So I am writing because 1. I am awake and must have been rudely awakened by the low voice and banging of the weirdo(s) downstairs (as I have come to tell my friends and family – if you ever cannot find me, look for the weirdos and creeps and I’m bound to be close by!); there was just a very loud “BANG!” like … there are other people here and we ARE trying to sleep! And you know she ain’ cleaning, just saying! At any rate, I am writing because I am awake and in my insomnia I have been contemplating what I have been complementing very frequently as of late – that is, my “return” to YouTube. Now, I fully realize it sounds a little goofy when I say this / that because I was never “big in YouTube,” as it were. However, I did gain a fairly constant group of friends and audience members and I really just have so much to say and I want to get back into it again.

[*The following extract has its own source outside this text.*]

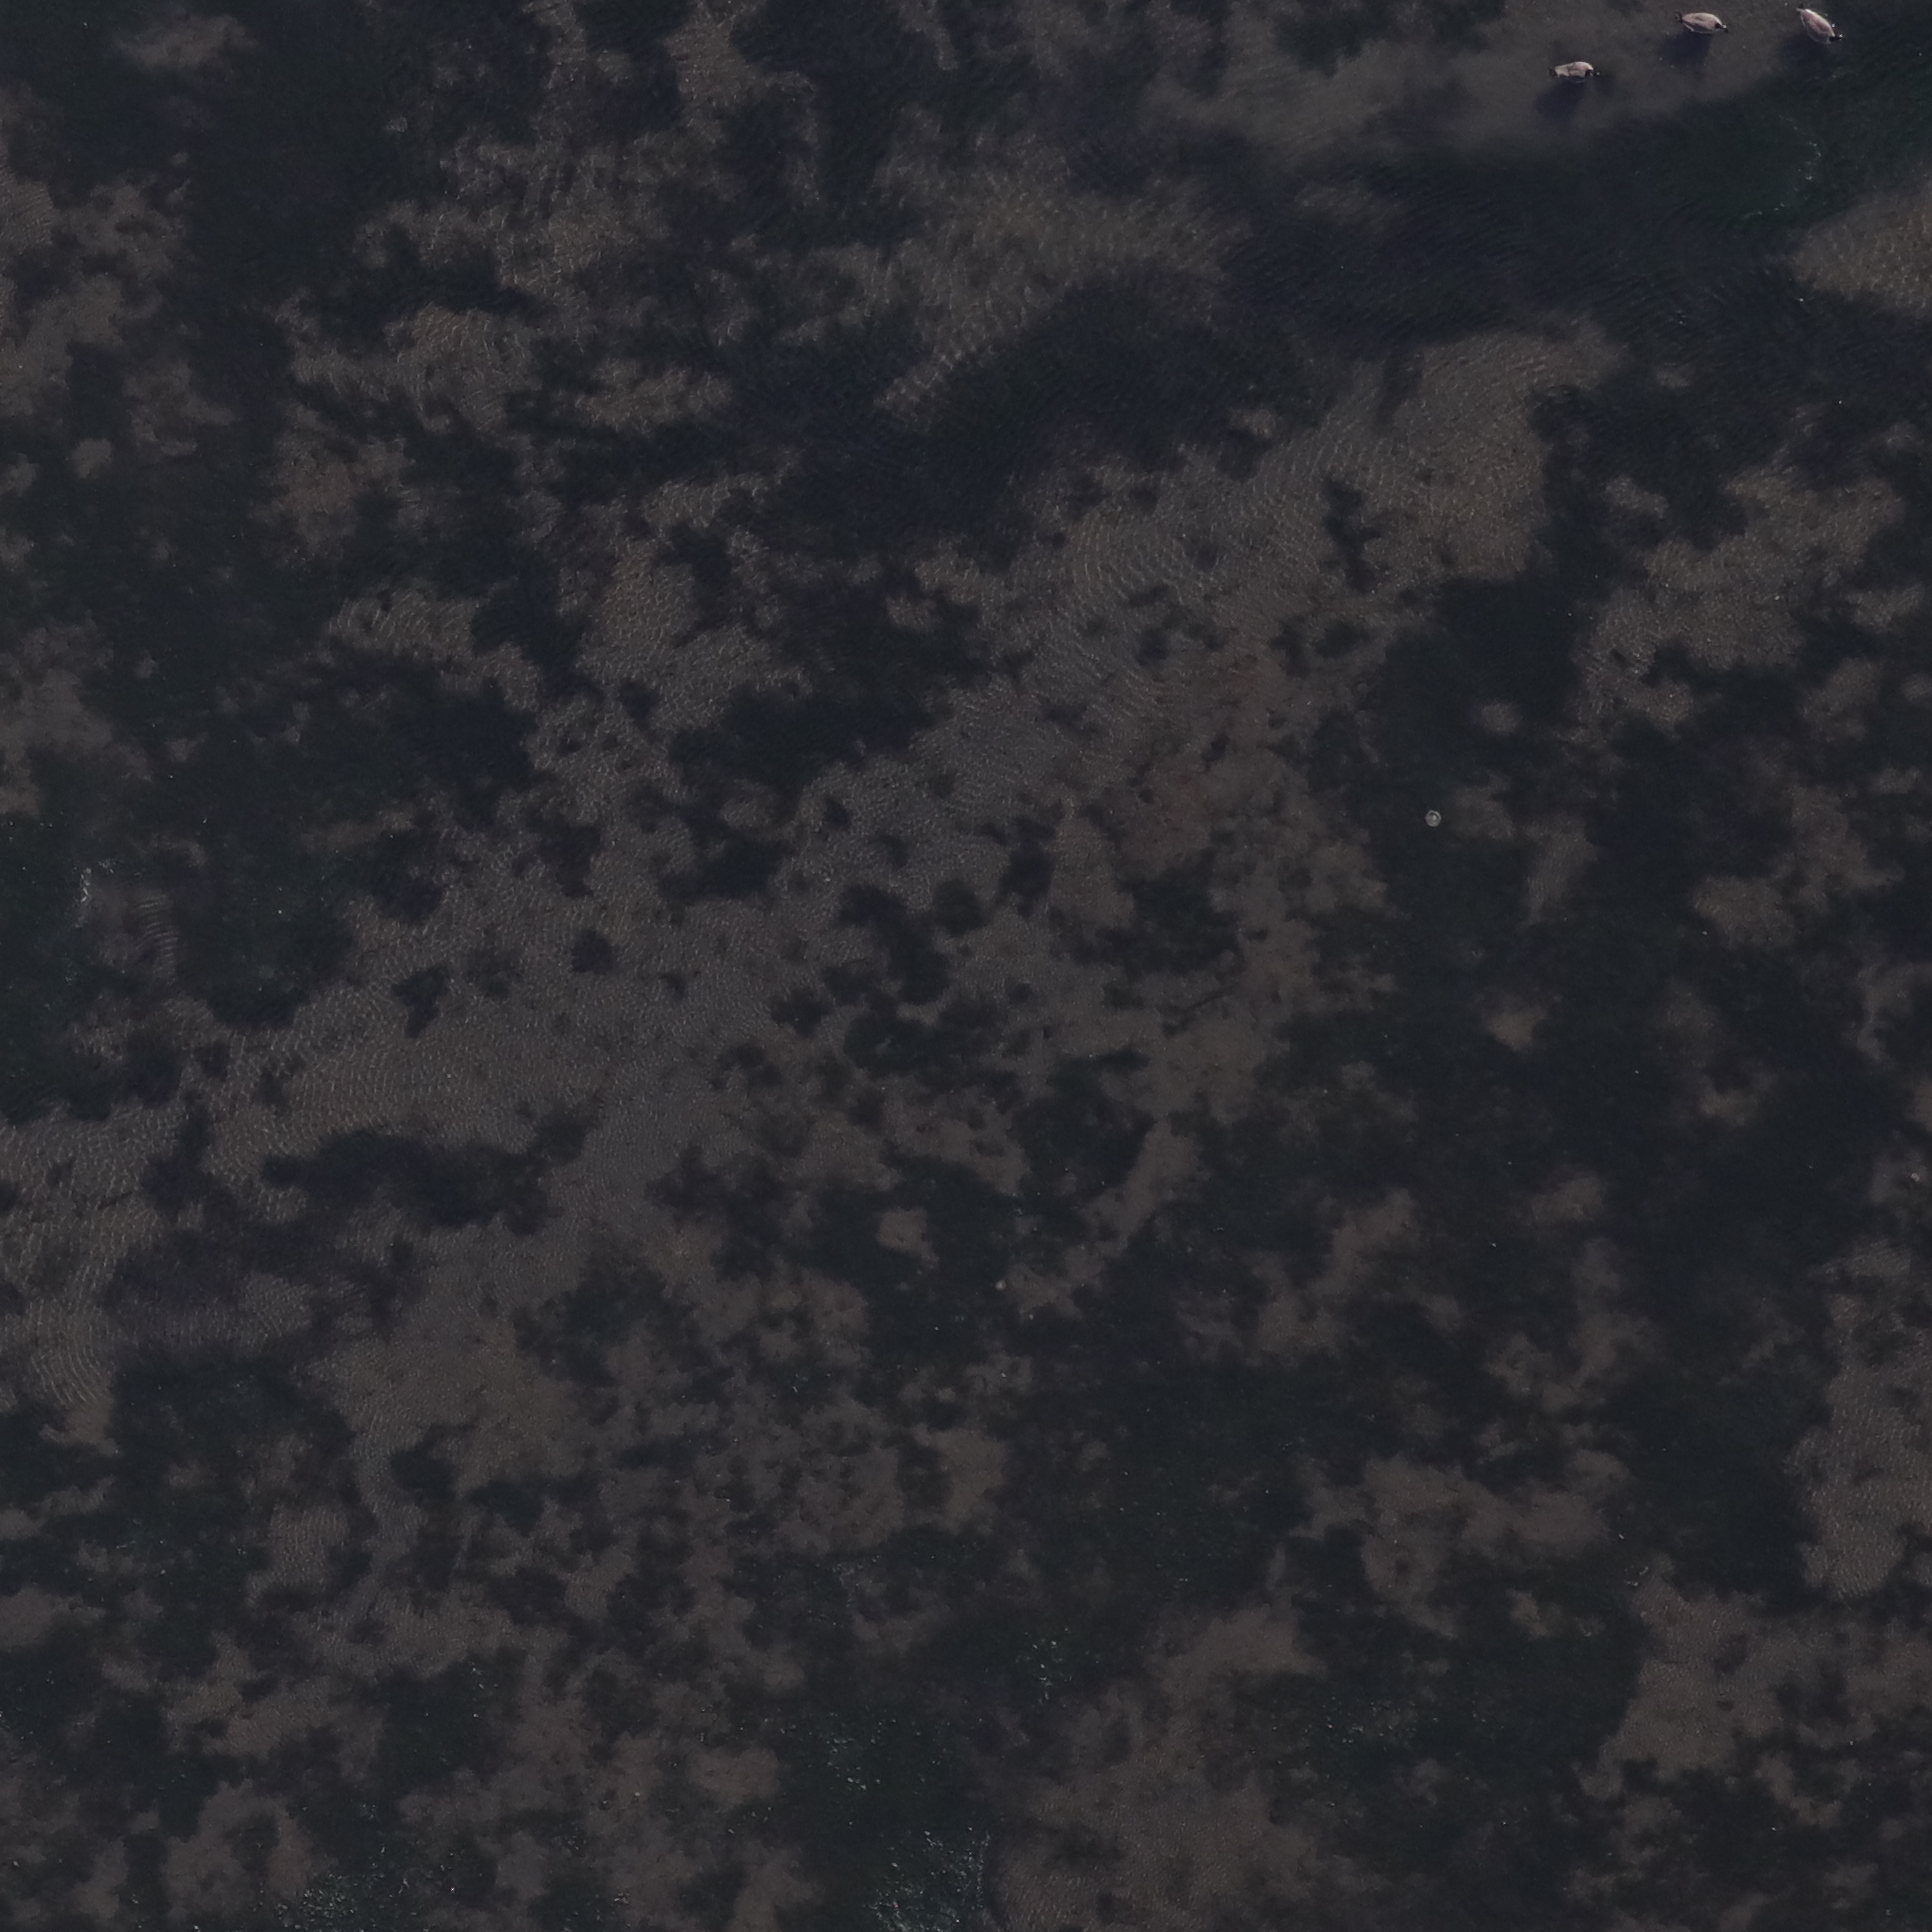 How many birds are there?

With THAT said, I realize the NEW (*cough cough* from a few years ago …) YouTube “rules” dictate you cannot become a “paid” partner until you reach 1,000 subs. I think I have the hours thing down without too much trouble. But it’s those SUBS! So, if you are reading this, please take a moment and head over to:
and check out some of my OLD videos, I would be much appreciative – and subscribe while you’re at it! I’ll give you a big ol’ air handshake, I promise!!!
Now, with THAT said, I want to say that the direction my channel was going was “unsustainable” for me in every way possible. I am trying to work out a way that I can talk about things that are very important to me (makeup IS important to me – it is, without question, a way those of us with chronic illness can make ourselves feel somewhat “normal” sometimes) that actually WORKS within the confines of actual chronic illness (which is yet ANOTHER topic I want to discuss!). So, that is to say, I want my channel to start to go in a slightly different direction – I was much younger in these older videos, and the years between then and now have opened my eyes to many “life realities” and I think it’s important for me and for anyone who “follows” me and what I am doing to have that kind of understanding and “life experience” behind me.
That is really all I wanted to say here! The crazies downstairs are still going *smacks head* – I think I am just going to have to complain because I am not allowed to play the piano past 9PM so why should I be subjected to a loud mumbling all night?? I am paying like … all my dollahs right now.
I hope you are all sleeping more soundly than I am! And I hope you are having a happy and healthy day wherever you are in the world!